The Office of President and Cabinet (OPC) has moved so swiftly to invalidate results of interviews for Accounts Assistants to work in the Accountant General's Department. It has also dissolved the Appointments and Disciplinary Committee in the Department. This is a very bold step that governmnet has taken and I wish they could move even further to various departments that draw resources from tax payer funds.
This thing of recruiting your children, girlfriends, relatives, comrades and home boys has become so rampant in our public services. It appears to be the first qualification to get a public job followed by one's papers. I would rather let OPC take even more punitive steps and the rules of public service apply to curtail such a malpractice. The same applies applies to how people are promoted in the civil service. One can simmply attest to the high staff turnovers in the public service due to unfairness in the way staff are rewarded. All these cancers must be put to a stop if this country is going to move an inch forward. Such practices belong to the uncivilised and mediaval candevers and have no place in 21st Century Malawi.

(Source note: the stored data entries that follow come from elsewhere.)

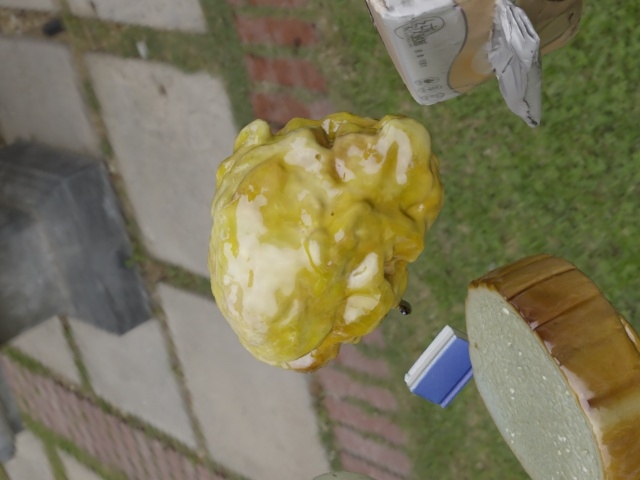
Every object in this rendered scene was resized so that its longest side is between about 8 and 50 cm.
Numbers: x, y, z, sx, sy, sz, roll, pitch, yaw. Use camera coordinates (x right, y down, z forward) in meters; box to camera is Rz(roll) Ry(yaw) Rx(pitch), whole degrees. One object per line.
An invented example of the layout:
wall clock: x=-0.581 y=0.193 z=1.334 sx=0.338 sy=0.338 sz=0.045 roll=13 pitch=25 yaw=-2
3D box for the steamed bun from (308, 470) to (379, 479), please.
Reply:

The main cost of nepotism in its various forms, is that it rewards mediocrity and condemns ability. It smacks unfairness because eligible Malawians are denied a job opportunity or a promotion because they dont have a relative or some other rousy connection in the system. The civil service is not a family business but for all of us as Malawians and no pig headed fool must think they own it. Rewarding mediocrity by recruting or giving favours to cronies affects productivity through staff morale, unquestioned absenteesim and more important depriving the public service of more qualified and technically sharp brains.
Just like the Daiy Times notes in its comment, organisations like the Police, Army and Prisons are family organisations. You would rarely get into these insitutions if a family member has never worked in them. This is what we must stop and it is happening in almost all civil service organisations. People manadated to do the recruitment have never declared interests. This must apply just as it does in the Public Finance Management Act and Procurement Laws. It must be halted.
As a country we need to move forward and become so open to talk about these malpractices. We need to blow whistles where ever we can. The main winner if such practices are put to a stop is a prosperous Malawi for our children and grand children as they will have the incentive to work hard in class.
This practice is also very rampant in the privatr sector and civil society organisations. The costs to our country are too great to be ignored.